Address: IP address of the server
Port: TCP port of the server
Use SSL: Enable for
wss://connections (e.g. through a reverse proxy)Path: Optional URL path (e.g.
/my-bridge/wsfor reverse proxy routing)Client Name: Identification sent during handshake
Signal Import
Client Mode Import (Edit Mode)
In client mode, you can import signals from the remote server without manually creating them:
Make sure the remote server is running
Click Import Signals in the Inspector (works in edit mode — no play mode required)
The interface connects, requests the signal catalog, creates local mirror signals with inverted directions, and disconnects
You can also use Test Connection to verify connectivity without importing.
Server Mode Import (Play Mode)
In server mode, you can import signals from connected clients during play mode:
Start the simulation so the server is running and clients are connected
Click Import Signals from Clients in the Inspector
The server broadcasts an import request to all connected clients and creates local mirror signals with inverted directions
This is useful for discovering which signals a remote client provides without manually defining them.
Properties
Configuration
Update Cycle Ms
Communication loop interval in milliseconds (default: 10)
Only Transmit Changed Inputs
Only send signals whose values changed since last cycle
Auto Reconnect
Automatically reconnect on connection loss
Reconnect Interval Seconds
Seconds between reconnection attempts
Max Reconnect Attempts
Maximum number of reconnection attempts before giving up (-1 = unlimited)
Debug Mode
Enable detailed logging for troubleshooting
Connection Settings
Is Server
true = WebSocket server, false = WebSocket client
Address
IP address to bind (server) or connect to (client)
Port
TCP port for communication (default: 1234)
Use SSL
(Client only) Use wss:// for encrypted connections
Path
(Client only) Optional URL path appended after host:port
Client Name
(Client only) Name sent during init handshake
Connect On Play
Automatically connect when entering play mode
Status
Connected Clients
(Server only) Number of currently connected clients
Signal Import
Default Signal Direction
Direction for imported signals when no pattern matches (Input or Output)
Use Pattern Matching
Enable name-based direction detection
Input Patterns
Name substrings that identify signals Unity writes (e.g. "Unity")
Output Patterns
Name substrings that identify signals the PLC writes
Use Cases
Unity-to-Unity distributed simulation with signal mirroring
External application integration (web dashboards, custom HMIs, test frameworks)
PLC bridge connections (e.g. via a bridge application running on ctrlX CORE or other edge devices)
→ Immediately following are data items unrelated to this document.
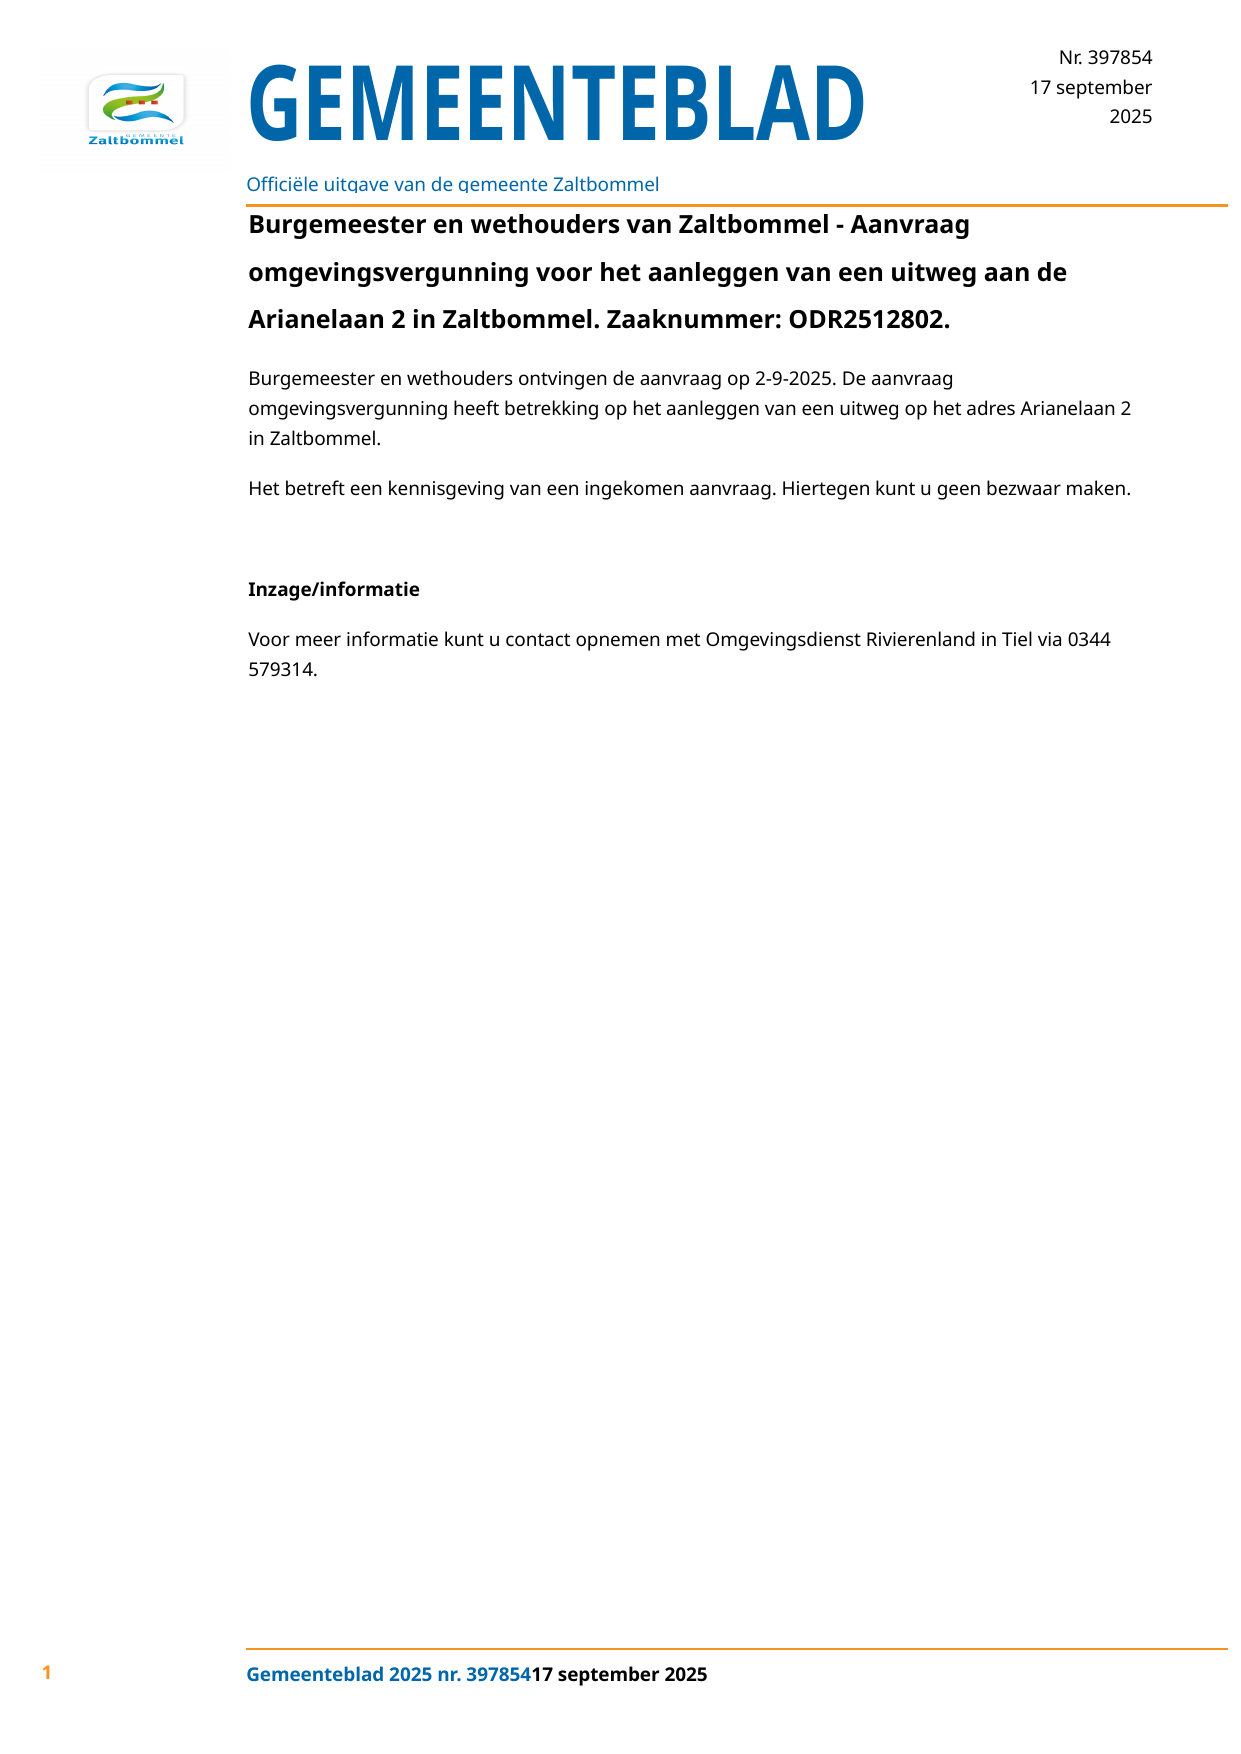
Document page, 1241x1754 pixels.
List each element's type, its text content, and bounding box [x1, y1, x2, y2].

text Inzage/informatie [248, 576, 1152, 602]
picture [41, 47, 231, 172]
text Burgemeester en wethouders van Zaltbommel - Aanvraag omgevingsvergunning voor het aanleggen van een uitweg aan de Arianelaan 2 in Zaltbommel. Zaaknummer: ODR2512802. [248, 207, 1152, 336]
text Burgemeester en wethouders ontvingen de aanvraag op 2-9-2025. De aanvraag omgevingsvergunning heeft betrekking op het aanleggen van een uitweg op het adres Arianelaan 2 in Zaltbommel. [248, 366, 1152, 450]
text Het betreft een kennisgeving van een ingekomen aanvraag. Hiertegen kunt u geen bezwaar maken. [248, 475, 1152, 501]
text Voor meer informatie kunt u contact opnemen met Omgevingsdienst Rivierenland in Tiel via 0344 579314. [248, 626, 1152, 682]
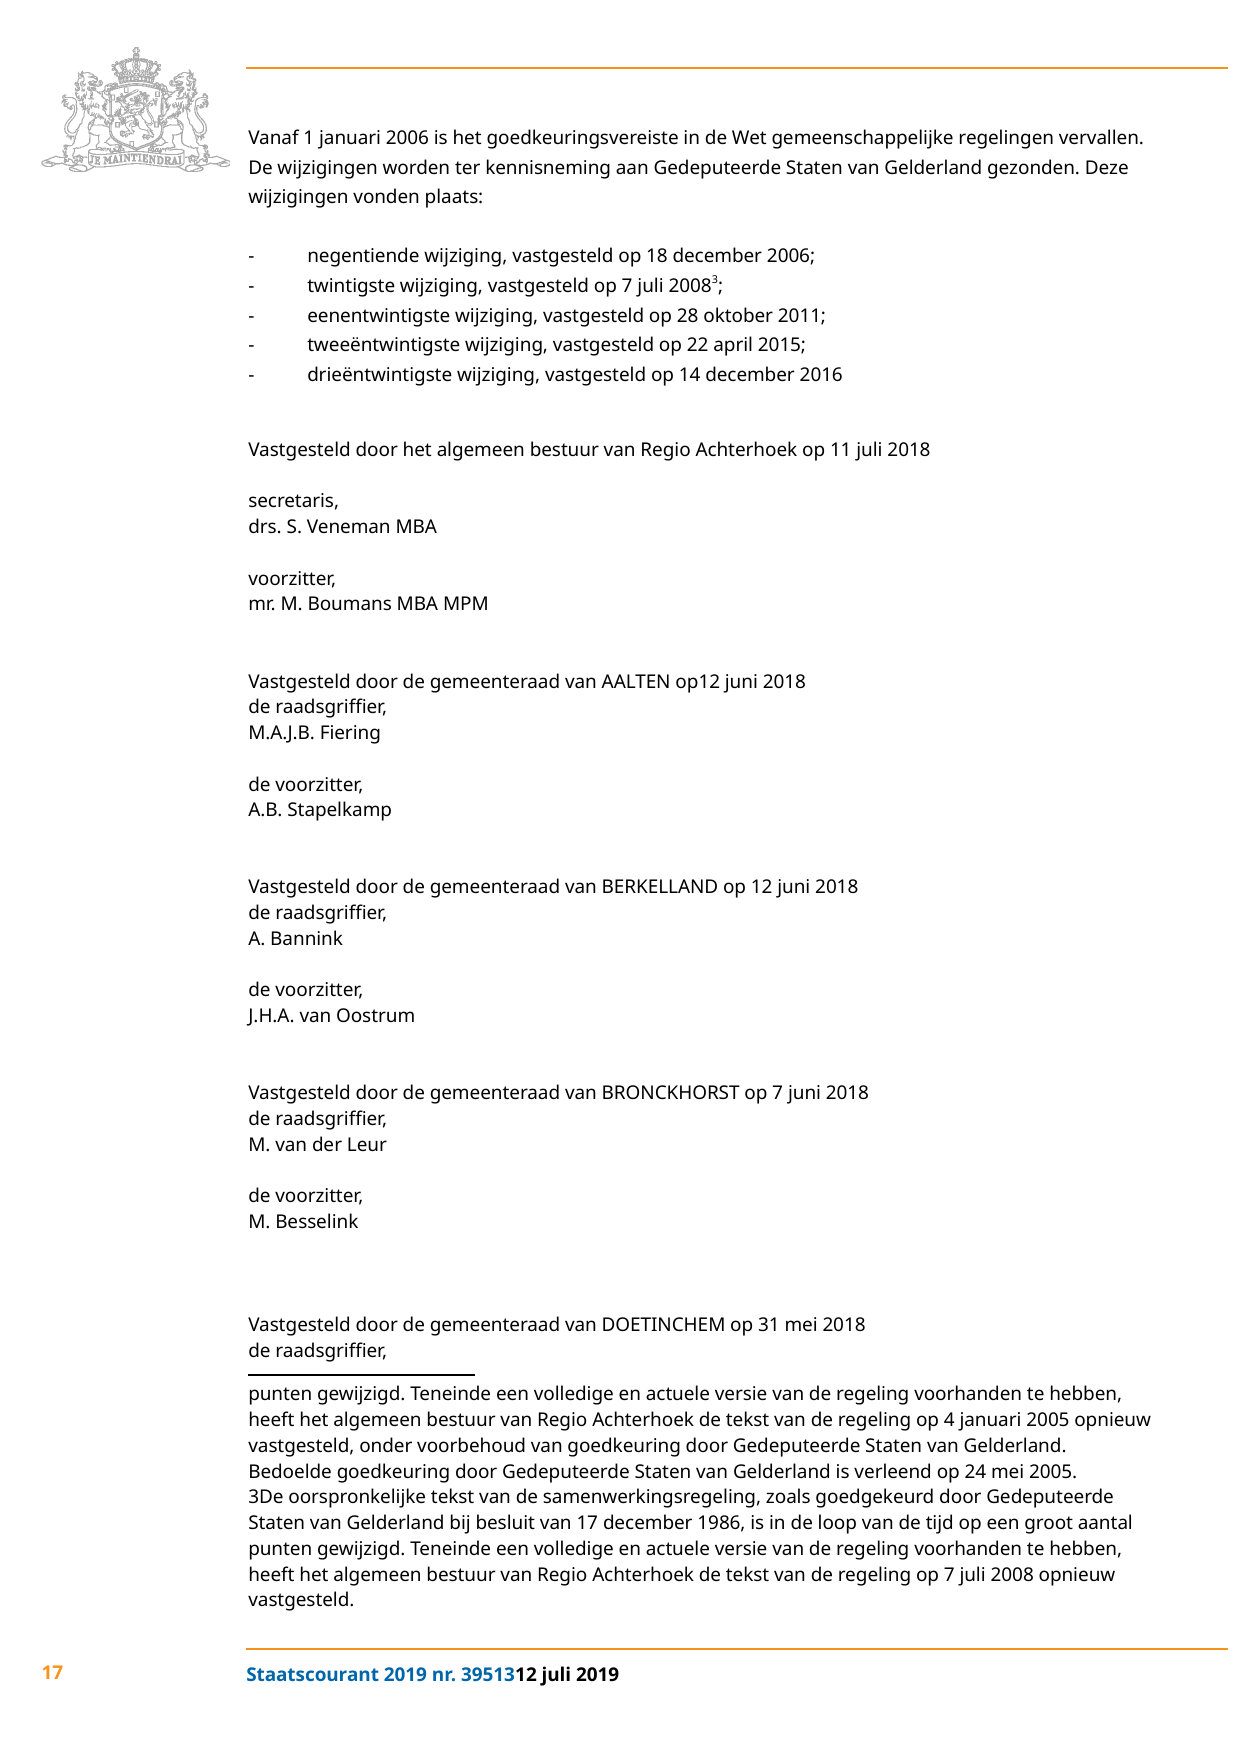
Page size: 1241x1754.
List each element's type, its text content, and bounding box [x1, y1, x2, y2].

text M. Besselink [248, 1208, 1152, 1234]
text de raadsgriffier, [248, 1337, 1152, 1362]
text Vastgesteld door het algemeen bestuur van Regio Achterhoek op 11 juli 2018 [248, 436, 1152, 462]
text de raadsgriffier, [248, 693, 1152, 719]
text A. Bannink [248, 925, 1152, 951]
picture [41, 47, 231, 172]
text M.A.J.B. Fiering [248, 719, 1152, 745]
text M. van der Leur [248, 1131, 1152, 1157]
text de raadsgriffier, [248, 1105, 1152, 1131]
text Vastgesteld door de gemeenteraad van DOETINCHEM op 31 mei 2018 [248, 1311, 1152, 1337]
list punten gewijzigd. Teneinde een volledige en actuele versie van de regeling voorhanden te hebben, heeft het algemeen bestuur van Regio Achterhoek de tekst van de regeling op 4 januari 2005 opnieuw vastgesteld, onder voorbehoud van goedkeuring door Gedeputeerde Staten van Gelderland. Bedoelde goedkeuring door Gedeputeerde Staten van Gelderland is verleend op 24 mei 2005. [248, 1381, 1152, 1483]
text de voorzitter, [248, 1182, 1152, 1208]
text Vanaf 1 januari 2006 is het goedkeuringsvereiste in de Wet gemeenschappelijke regelingen vervallen. De wijzigingen worden ter kennisneming aan Gedeputeerde Staten van Gelderland gezonden. Deze wijzigingen vonden plaats: [248, 124, 1152, 209]
text secretaris, [248, 488, 1152, 513]
text de raadsgriffier, [248, 899, 1152, 925]
list twintigste wijziging, vastgesteld op 7 juli 2008; [248, 272, 1152, 298]
text A.B. Stapelkamp [248, 796, 1152, 822]
text de voorzitter, [248, 771, 1152, 796]
text de voorzitter, [248, 977, 1152, 1002]
text J.H.A. van Oostrum [248, 1002, 1152, 1028]
list tweeëntwintigste wijziging, vastgesteld op 22 april 2015; [248, 331, 1152, 357]
text drs. S. Veneman MBA [248, 513, 1152, 539]
list negentiende wijziging, vastgesteld op 18 december 2006; [248, 243, 1152, 268]
list De oorspronkelijke tekst van de samenwerkingsregeling, zoals goedgekeurd door Gedeputeerde Staten van Gelderland bij besluit van 17 december 1986, is in de loop van de tijd op een groot aantal punten gewijzigd. Teneinde een volledige en actuele versie van de regeling voorhanden te hebben, heeft het algemeen bestuur van Regio Achterhoek de tekst van de regeling op 7 juli 2008 opnieuw vastgesteld. [248, 1483, 1152, 1612]
text Vastgesteld door de gemeenteraad van BERKELLAND op 12 juni 2018 [248, 874, 1152, 899]
list eenentwintigste wijziging, vastgesteld op 28 oktober 2011; [248, 302, 1152, 328]
text mr. M. Boumans MBA MPM [248, 591, 1152, 616]
list drieëntwintigste wijziging, vastgesteld op 14 december 2016 [248, 361, 1152, 387]
text voorzitter, [248, 565, 1152, 591]
text Vastgesteld door de gemeenteraad van BRONCKHORST op 7 juni 2018 [248, 1079, 1152, 1105]
text Vastgesteld door de gemeenteraad van AALTEN op12 juni 2018 [248, 668, 1152, 693]

WebGL builds where TCP-based protocols are not available
Wire Protocol v2 Reference
The WebSocket Realtime Interface uses a flat JSON protocol. All messages are UTF-8 encoded JSON objects sent as WebSocket text frames. There is no double-encoding - all fields are native JSON types.
Message Envelope
Every message has a type field that determines its purpose:
Message Types
init - Client Identification
init - Client IdentificationSent by the client immediately after the WebSocket connection is established.
type
string
Always "init"
version
int
Protocol version (2)
name
string
Client identification name
data - Cyclic Signal Exchange
data - Cyclic Signal ExchangeSent cyclically in both directions. Contains signal names and their current values.
type
string
Always "data"
signals
object
Map of signal name to current value. Values are native JSON types: true/false for bool, numbers for int/float, strings for text.
import_request - Signal Discovery Request
import_request - Signal Discovery RequestSent from one side to request the full signal catalog from the other side.
import_answer - Signal Catalog Response
import_answer - Signal Catalog ResponseResponse to import_request. Contains all signal names, their current values, and their PLC type strings.
signals
object
Signal name to current value
signalTypes
object
Signal name to type string. Recognized types: PLCInputBool, PLCOutputBool, PLCInputInt, PLCOutputInt, PLCInputFloat, PLCOutputFloat, PLCInputText, PLCOutputText. Neutral types without prefix (e.g. Bool, Float) are also accepted.
Direction inversion on import: When the receiving side imports signals, the direction is inverted:
Remote
PLCInputBool(remote reads from PLC) becomes localPLCOutputBool(local writes to Unity)Remote
PLCOutputBool(remote writes from PLC) becomes localPLCInputBool(local reads from Unity)
subscribe - Filter Server Output
subscribe - Filter Server OutputSent by the client to tell the server which signals it wants to receive. The server then only sends matching signals in data messages. If no subscribe message is sent, the server sends all signals.
snapshot - Immediate Full State
snapshot - Immediate Full StateSent by the server after receiving a subscribe message. Contains the current values of all subscribed signals.
config_get - Read Server Configuration
config_get - Read Server ConfigurationSent by the client to request the current configuration from the server (e.g. a bridge application).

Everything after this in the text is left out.